TO THE EDITOR:
The Aug. 29 opinion piece "Not my liberals" shows a lack of empathy, hypocritical reasoning and a poor understanding of leftist thought.
The piece misrepresents the left as inherently violent and treats anyone left of the Sanders campaign as militant and politically undeveloped.
The phrase “[w]e should seek to distance ourselves from radical and potentially dangerous groups on either side of the spectrum” engages in the same “Both Sides” rhetoric used in response to Charlottesville.
The author also recommends placing faith in the police, ignoring the fact that those citizens most in need of protection, the people who work the hardest to guard their communities from violent far-right groups, are the same class of citizens who endure daily and systematic abuse by American police.
The author criticizes the use of straw man arguments to score political points, but does just that in the preceding paragraph.
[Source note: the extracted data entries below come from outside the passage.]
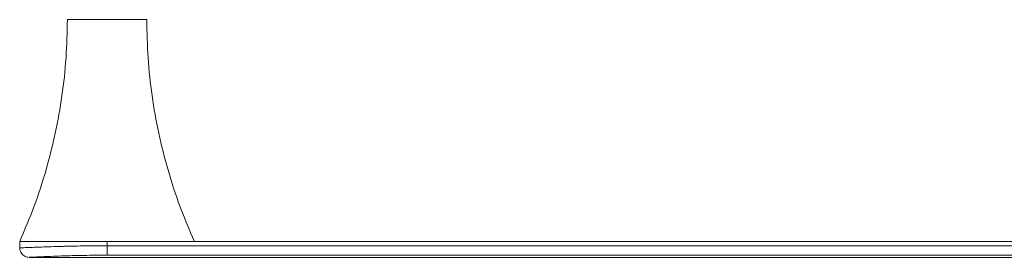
# Model space of a CAD drawing. Header units: millimetres. Extents: x -880 to 393, y -18 to 517.
# Tile 1 of 6: x -880 to -570, y 80 to 155. Entities that reach past the tile are written whole.
import ezdxf

# ---------------------------------------------------------------- set-up
doc = ezdxf.new("R2010")
doc.units = ezdxf.units.MM

msp = doc.modelspace()

# ---------------------------------------------------------------- linework, layer by layer
at = {"color": 7, "linetype": 'Continuous', "lineweight": 15}
for p, q in [((-840.462, 155.206), (-852.962, 155.206)), ((-880.462, 85.206), (-880.462, 83.206)), ((-852.962, 85.206), (-880.462, 85.206)), ((-852.962, 83.862), (-852.962, 85.206)), ((-307.962, 85.206), (-852.962, 85.206)), ((-852.962, 83.862), (-852.962, 80.88)), ((-852.962, 83.862), (-307.962, 83.862)), ((-307.962, 80.88), (-852.962, 80.88)), ((-877.451, 80.206), (-283.473, 80.206))]:
    msp.add_line(p, q, dxfattribs=at)
for points, knots in [([(-865.462, 155.206), (-865.544, 151.19), (-865.707, 143.17), (-867.025, 131.21), (-869.112, 119.38), (-872.055, 107.735), (-875.754, 96.284), (-878.892, 88.902), (-880.462, 85.206)], [0, 0, 0, 0, 0.1670068, 0.3336042, 0.5, 0.6663958, 0.8329932, 1, 1, 1, 1]), ([(-852.962, 155.206), (-853.501, 155.206), (-854.579, 155.206), (-856.128, 155.206), (-857.564, 155.206), (-859.298, 155.206), (-861.113, 155.206), (-862.504, 155.206), (-863.398, 155.206), (-863.965, 155.206), (-864.436, 155.206), (-864.815, 155.206), (-865.106, 155.206), (-865.312, 155.206), (-865.435, 155.206), (-865.462, 155.206), (-865.462, 155.206)], [0, 0, 0, 0, 0.01562505, 0.0312501, 0.04687514, 0.06250019, 0.09375029, 0.12500038, 0.14062543, 0.15625048, 0.17187553, 0.18750057, 0.20312562, 0.21875067, 0.23437572, 0.25000074, 0.25000074, 0.25000074, 0.25000074]), ([(-825.462, 85.206), (-827.033, 88.902), (-830.17, 96.284), (-833.869, 107.735), (-836.813, 119.38), (-838.9, 131.21), (-840.217, 143.17), (-840.381, 151.19), (-840.462, 155.206)], [0, 0, 0, 0, 0.1670068, 0.3336042, 0.5, 0.6663958, 0.8329932, 1, 1, 1, 1]), ([(-835.893, 85.206), (-836.486, 85.206), (-838.575, 85.206), (-842.519, 85.206), (-847.631, 85.206), (-852.963, 85.206), (-858.289, 85.206), (-863.417, 85.206), (-868.155, 85.206), (-872.326, 85.206), (-875.791, 85.206), (-878.387, 85.206), (-880.125, 85.206), (-880.353, 85.206), (-880.462, 85.206)], [0, 0, 0, 0, 0.0380453, 0.1340833, 0.2354857, 0.339676, 0.4438664, 0.5452687, 0.6413067, 0.7298475, 0.8094819, 0.8798936, 0.942333, 1, 1, 1, 1]), ([(-880.428, 83.207), (-880.431, 83.017), (-880.439, 82.528), (-880.161, 81.822), (-879.721, 81.188), (-879.219, 80.748), (-878.721, 80.464), (-878.267, 80.308), (-877.975, 80.241), (-877.839, 80.23), (-877.83, 80.229)], [0, 0, 0, 0, 0.1304792, 0.3364964, 0.5106364, 0.6623913, 0.7939992, 0.9050884, 0.9938867, 1, 1, 1, 1]), ([(-852.962, 80.88), (-855.423, 80.88), (-857.855, 80.858), (-861.458, 80.796), (-862.652, 80.77), (-865.022, 80.71), (-866.202, 80.675), (-868.492, 80.599), (-869.606, 80.558), (-871.218, 80.493), (-871.746, 80.471), (-872.776, 80.426), (-873.279, 80.404), (-874.231, 80.361), (-874.684, 80.339), (-875.318, 80.309), (-875.522, 80.3), (-875.911, 80.281), (-876.095, 80.272), (-876.606, 80.247), (-876.894, 80.233), (-877.317, 80.213), (-877.441, 80.207), (-877.46, 80.206)], [0, 0, 0, 0, 0.25, 0.25, 0.375, 0.375, 0.5, 0.5, 0.625, 0.625, 0.6875, 0.6875, 0.75, 0.75, 0.8125, 0.8125, 0.84375, 0.84375, 0.875, 0.875, 0.9375, 0.9375, 1, 1, 1, 1])]:
    msp.add_open_spline(points, degree=3, knots=knots, dxfattribs=at)
at = {"color": 8, "linetype": 'Continuous', "lineweight": 15}
msp.add_open_spline([(-880.444, 83.206), (-880.45, 83.206), (-880.487, 83.205), (-880.323, 83.21), (-879.924, 83.222), (-879.21, 83.246), (-878.305, 83.278), (-877.07, 83.323), (-875.778, 83.372), (-873.777, 83.446), (-871.34, 83.534), (-868.608, 83.621), (-865.849, 83.697), (-863.086, 83.762), (-859.748, 83.819), (-856.366, 83.855), (-854.098, 83.86), (-852.962, 83.862)], degree=3, knots=[0, 0, 0, 0, 0.007316, 0.0479329, 0.0891042, 0.13981, 0.1911953, 0.2286, 0.3041453, 0.3422303, 0.4455686, 0.5497753, 0.6021203, 0.70114, 0.8004869, 0.900117, 1, 1, 1, 1], dxfattribs=at)

doc.saveas('drawing.dxf')

He defends a centrist ideology by criticizing a violent offshoot of the political left instead of engaging with the anarchist, communist and anti-fascist thought he claims to knock down.
Additionally, dismissing anarchist and communist thought solely because they challenge our current institutions espouses a brand of centrist accommodation that fosters, rather than combats, racist and authoritarian violence.
The article concludes by discouraging empathy. Given the current socio-economic and political situation, one in which the nation’s most vulnerable groups are subject to state sanctioned violence and far-right ideology enjoys mainstream appeal, it is alarming that anyone’s ideal solution would involve eliminating anti-fascist organizers and curtailing empathy.